Luckily for Americans, there’s a baseline enjoyability to all Godzilla movies that transcends these bad faith translations. As the 24th entry in the franchise and the start of its own “Millennium” era, you might suspect hat Godzilla 2000 would find it necessary to change up the basic formula to keep itself fresh. Instead, this is largely the same kaiju action vehicle all Godzilla movies are, just with updated effects. Chronologically a sequel to the 1954 film, Godzilla 2000 finds its titular lizard beast returning to the shores of Tokyo to battle a mysterious UFO that has been terrorizing its people & buildings (mostly the buildings). While different organizations argue over whether Godzilla needs to be subdued or destroyed, the monster busies himself by attacking the mysterious UFO with his kaiju fire-breath, to no avail. For its part, the UFO attempts to absorb Godzilla’s DNA to steal his regeneration powers, making it possible for the alien species to adapt to life on Earth. This culminates in the UFO transforming into the (new to the series) kaiju Orga for a classic big-beast battle among Tokyo’s fragile skyscrapers. The fight is played 100% seriously, but the Humorous Dialogue surrounding it can be try-hard goofy in a way that’s difficult to earn a genuine laugh. There’s enough physical humor & basic absurdity inherent to the original Japanese cut that there’s no need for these additional wisecracks, which include a military general bragging that his missiles will “go through Godzilla like crap through a goose.” Har, har. I’m not entirely opposed to the idea of making a Godzilla film that’s shorter & campier than the series’ dead serious nuclear origins (Godzilla vs. Hedorah is my favorite in the franchise, after all), but the joke-writes on Godzilla 2000 do seem especially hokey, outside maybe the brilliance of the “Get ready to crumble” tagline.
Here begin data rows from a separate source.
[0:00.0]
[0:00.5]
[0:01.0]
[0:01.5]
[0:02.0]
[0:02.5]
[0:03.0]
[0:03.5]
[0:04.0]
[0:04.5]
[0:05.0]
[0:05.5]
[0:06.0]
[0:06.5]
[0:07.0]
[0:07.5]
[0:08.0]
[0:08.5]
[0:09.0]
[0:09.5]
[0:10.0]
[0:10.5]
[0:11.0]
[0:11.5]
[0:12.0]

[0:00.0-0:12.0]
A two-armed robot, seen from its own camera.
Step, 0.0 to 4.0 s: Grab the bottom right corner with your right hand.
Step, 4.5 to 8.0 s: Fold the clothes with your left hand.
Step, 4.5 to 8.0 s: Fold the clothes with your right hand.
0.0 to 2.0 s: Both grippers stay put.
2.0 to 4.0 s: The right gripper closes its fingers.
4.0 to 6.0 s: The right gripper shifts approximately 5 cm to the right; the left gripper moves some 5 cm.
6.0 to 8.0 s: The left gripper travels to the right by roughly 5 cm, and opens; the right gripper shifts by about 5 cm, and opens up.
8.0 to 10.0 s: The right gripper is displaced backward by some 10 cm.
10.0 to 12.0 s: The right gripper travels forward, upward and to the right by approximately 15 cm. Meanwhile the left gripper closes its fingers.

Either way, they didn’t cut any of the sweet monster action in the American release, which is a universal pleasure that can never be truly lost in translation.
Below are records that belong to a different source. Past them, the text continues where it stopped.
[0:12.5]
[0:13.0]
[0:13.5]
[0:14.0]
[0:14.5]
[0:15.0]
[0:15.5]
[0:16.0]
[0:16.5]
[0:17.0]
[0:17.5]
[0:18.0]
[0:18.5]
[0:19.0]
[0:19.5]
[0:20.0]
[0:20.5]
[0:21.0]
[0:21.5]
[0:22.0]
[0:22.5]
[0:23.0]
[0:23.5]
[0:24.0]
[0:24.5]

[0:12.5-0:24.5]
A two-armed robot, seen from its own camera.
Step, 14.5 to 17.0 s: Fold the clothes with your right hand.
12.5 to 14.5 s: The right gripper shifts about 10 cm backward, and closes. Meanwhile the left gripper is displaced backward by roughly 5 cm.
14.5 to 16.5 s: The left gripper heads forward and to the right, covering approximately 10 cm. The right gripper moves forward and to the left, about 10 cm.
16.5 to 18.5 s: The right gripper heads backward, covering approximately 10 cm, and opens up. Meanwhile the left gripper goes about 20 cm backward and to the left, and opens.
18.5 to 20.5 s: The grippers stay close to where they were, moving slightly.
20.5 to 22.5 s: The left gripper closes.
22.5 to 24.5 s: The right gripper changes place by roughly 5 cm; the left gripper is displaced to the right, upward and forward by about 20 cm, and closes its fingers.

As frustrating as it likely was to have its Japanese cut goofed-up for its domestic release, I’m sure it was still a massive joy to have a Godzilla picture back in American theaters in the year 2000. The few previous Toho-produced Godzilla films were straight to video affairs (I’m guessing the 1998 Roland Emmerich Godzilla picture gave the series enough of a popularity-boost to transcend that) and kaiju movies are obviously meant to be seen as big and loud as possible. That’s largely because special effects are their main draw, whether or not films like Godzilla ’54 and Shin Godzilla back them up with Big Ideas. Special effects-wise, Millennium offers an exciting mix of the old and the new. Godzilla & Orga are still actors in rubber suits stomping around hand-built miniatures. That original-flavor special effects recipe is spiced up with a more current influence, though, particularly the matte painting & set piece spectacle of the early Spielberg era and the shoddy CGI of post-Spielberg disaster pictures. Godzilla 2000 arrived long after the 90s disaster epics wave of titles like Twister & Independence Day (not to mention Godzilla ’98’s own participation in that aesthetic), so it shouldn’t be so jarring to see Toho’s tried & true brand of Kaiju action mixed with that influence. Still, the visual references (to Twister & Independence Day particularly) are too specific and too plentiful not to stand out in this context. I’m sure that the Japanese cut of Godzilla 2000 is the superior piece of writing (and I probably should have watched it before filing this review) but even the goofed-up American version of the film retains enough visual spectacle, both in classic kaiju action & in its 90s disaster epic aesthetic, to be well worth a look. That was likely especially true for those who caught it on the big screen in its initial theatrical run. It would have been vastly preferable for Millennium to be afforded the Shin Godzilla treatment of a faithful American translation, but this is still a badass monster movie where Godzilla lays an extensive beatdown on a sky scraper-sized UFO beast. It would be near-impossible to ruin that.